Diversity hits the fashion runway at Newhouse

On Friday, dozens of models walked the runway in the Newhouse 1 lobby for the fifth annual Fashion Communications Milestone fashion show.

Nearly 100 students crowded into the lobby of Newhouse I on Friday night, eagerly anticipating the start of the fifth annual fashion communications show: “Fashion Follows Form: Fashion and Diversity.”

This year’s fashion show celebrated versatility in the fashion world. The hour-long show marked the fifth anniversary of the Fashion and Beauty Communications Milestone, a joint program between the fashion department in the College of Visual and Performing Arts and Newhouse that allows students to take courses geared to fashion communications.

Diversity in fashion was represented through five distinct segments of the show.

“You could really tell the break-up of each segment and it was a very smooth transition,” said Paris Peckerman, a junior television, radio and film major. “They did a really good job with the diversity theme.”

Newhouse Fashion Show 2011

-Photo by Janet Huang

The first segment of the show featured garments provided by Syracuse’s local Thrifty Shopper, a store that celebrates androgyny. Their clothes are marked by bright bursts of color, blazers and the clever use of ties as belts. All pink outfits signaled a switch to the breast cancer awareness portion of the show, featuring models that all have personally battled breast cancer.

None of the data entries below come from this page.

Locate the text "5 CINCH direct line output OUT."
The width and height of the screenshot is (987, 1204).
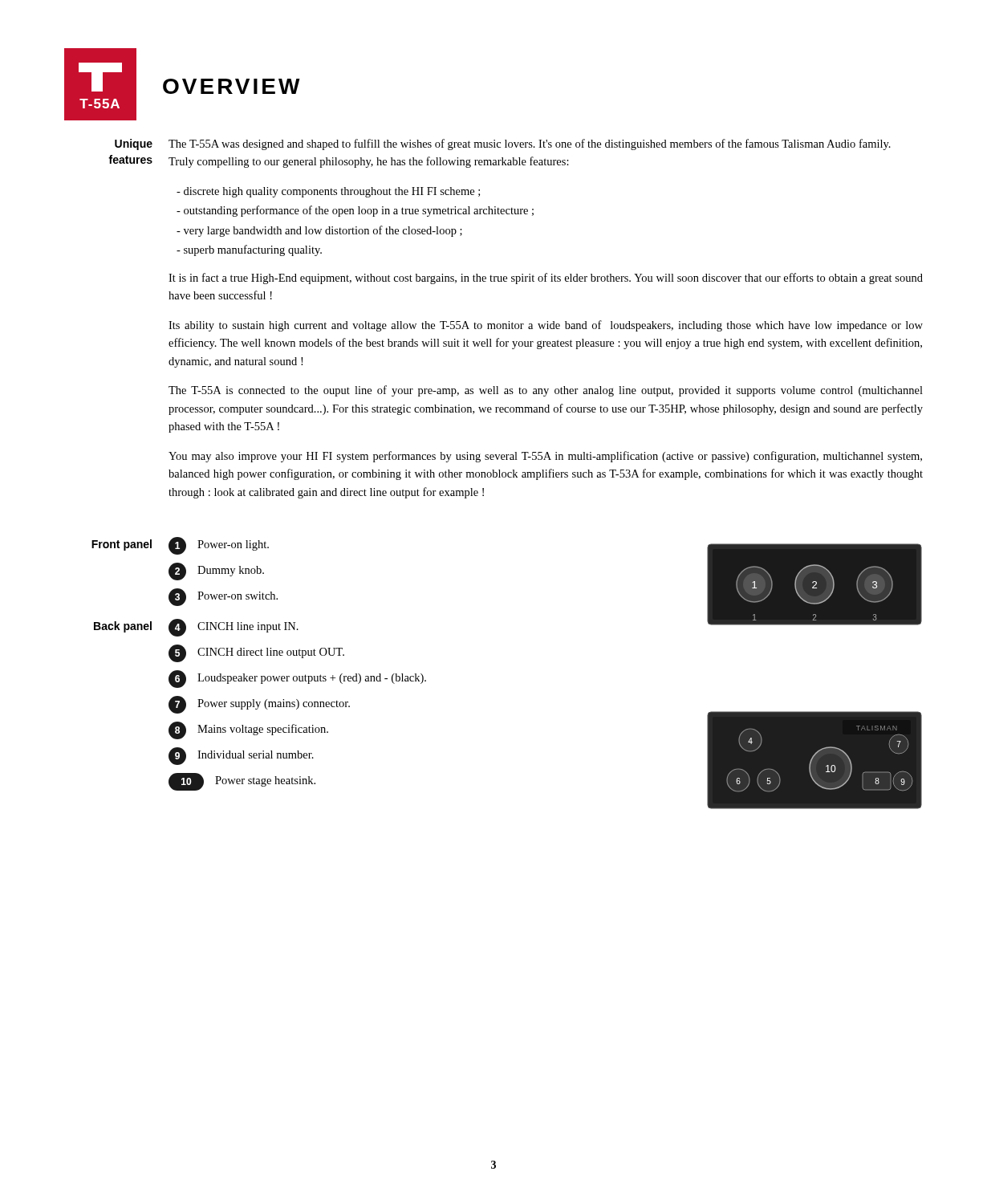point(257,653)
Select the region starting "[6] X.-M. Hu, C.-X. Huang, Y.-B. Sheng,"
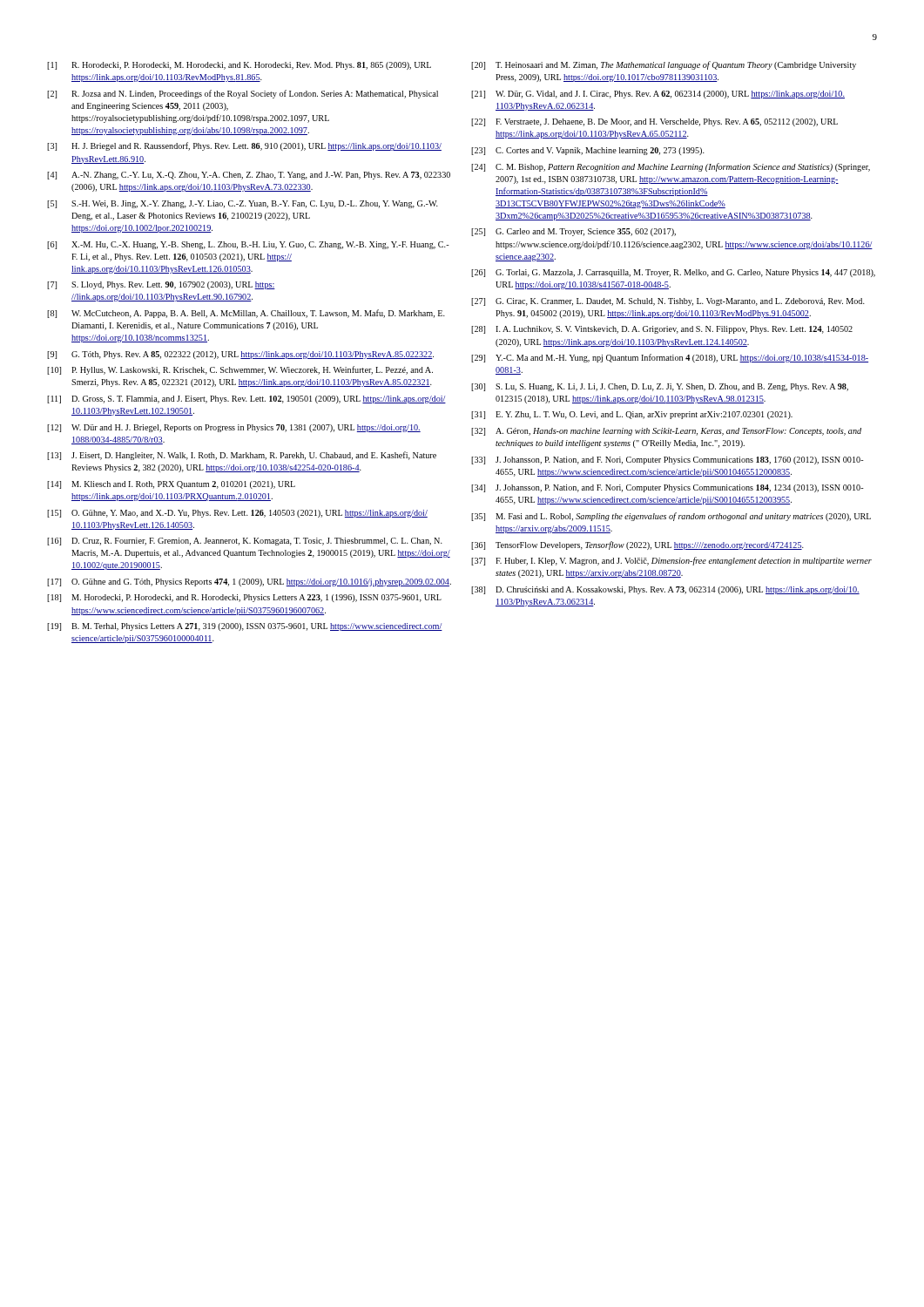This screenshot has width=924, height=1307. coord(250,257)
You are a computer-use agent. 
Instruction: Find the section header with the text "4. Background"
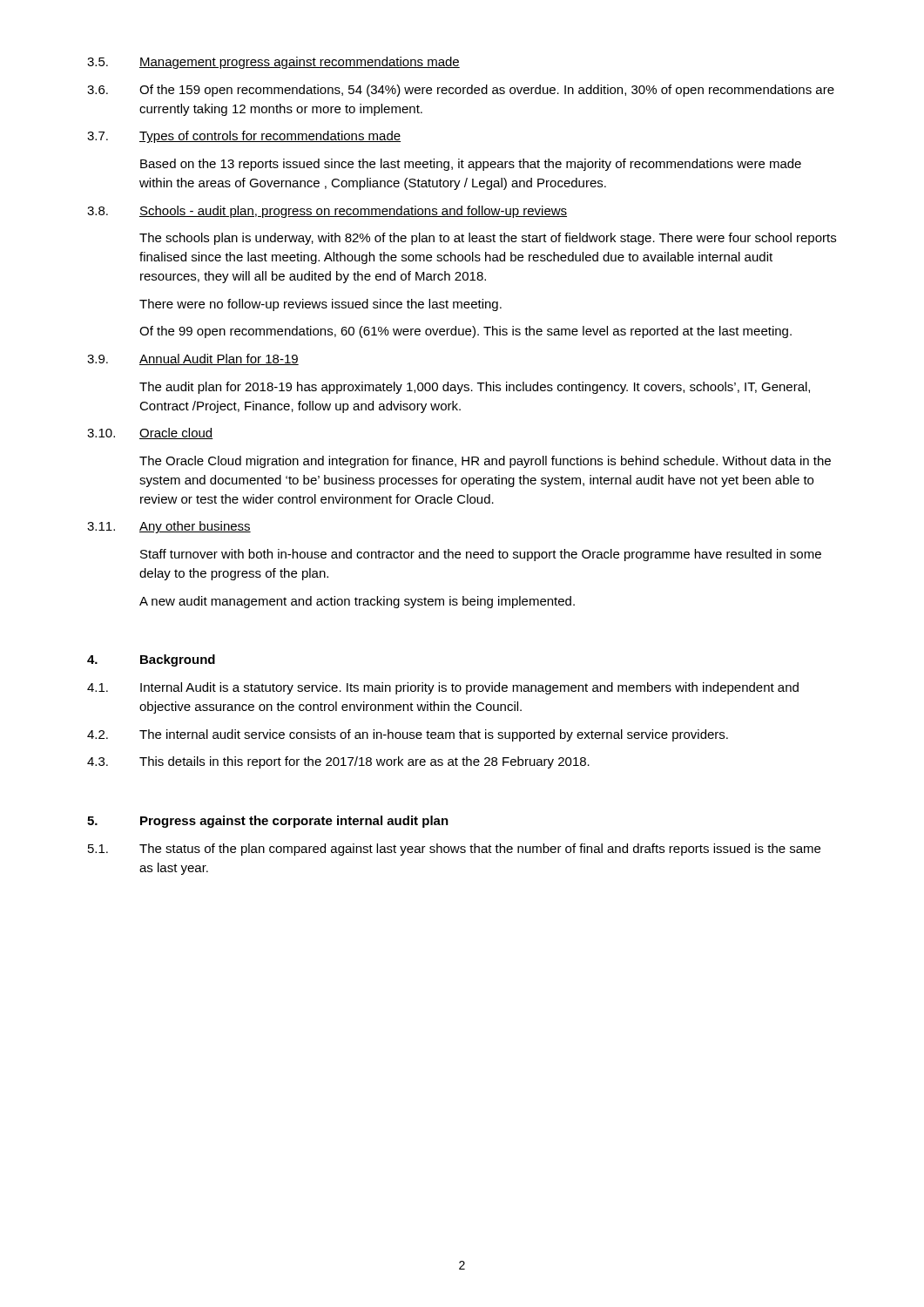pyautogui.click(x=151, y=660)
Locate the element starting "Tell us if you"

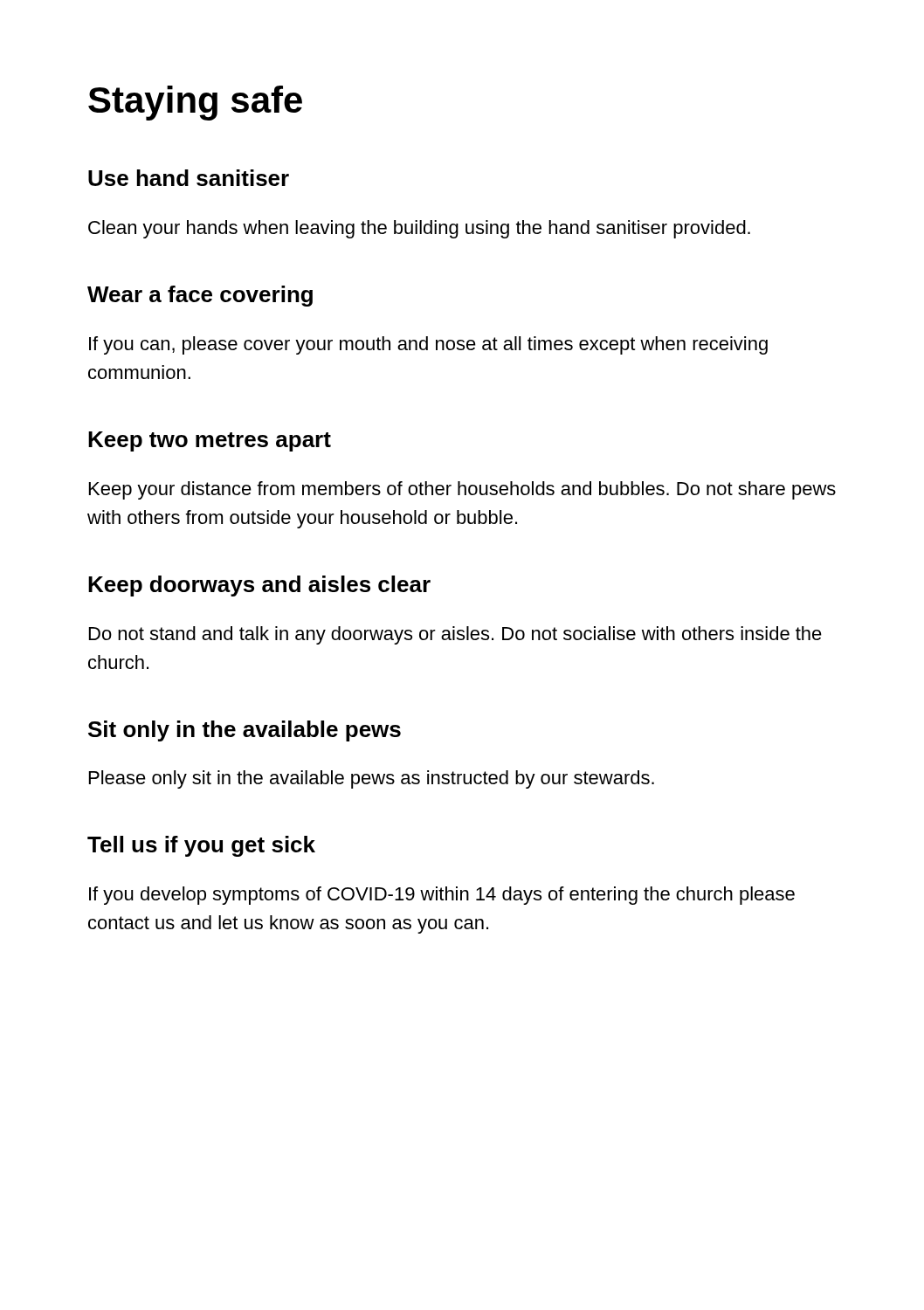click(x=201, y=846)

The crowd burst into cheers and applause as professors took to the runway for the breast cancer awareness portion of the show.

The show even included some improvisation.

Tim Westbrook, a senior fiber arts and material studies major who designed some outfits for the show, decided to join the ranks of models when a fashion show director found a pink jersey emblazoned with his last name, “Westbrook,” on the back.  “Grab some pink heels and come do this,” said the show director.

Westbrook threw on the jersey and strutted down the runway stairs in hot pink pants and four-inch heels.

“I love the idea of the hyper-masculine matched with the feminine,” he said. 

Although each part of the show had its own unique style, certain themes were constant throughout the show. There was a a sense of balance in each look as loose, fluid, harem pants were paired with fitted tops and flowy, off-the-shoulder tops were paired with tight skinny jeans. High-waist skirts and trousers paired with strapless or high collared tops emphasized the waist, neck and shoulders.

The later segments of the show included eco-friendly designs and looks designed by the freshman, sophomore, and junior VPA fashion design students.

“They did a really good job of presenting a lot of high-fashion looks with some more ready-to-wear stuff,” said Marie Rich, a junior television, radio and film major. “I like how the mix of themes were all different but had a lot of the same ideas.”

This was the first time that the show has been completely student-directed. One of the directors, senior fashion design major, Hannah Slocum, attributed the show’s success to the help of dozens of student stylists, hair and makeup artists, models and designers.

“We did a lot of prep beforehand to make sure everything went smoothly,” Slocum said. “In terms of models, people involved, the turn out, I think that this is the biggest the show has ever been.”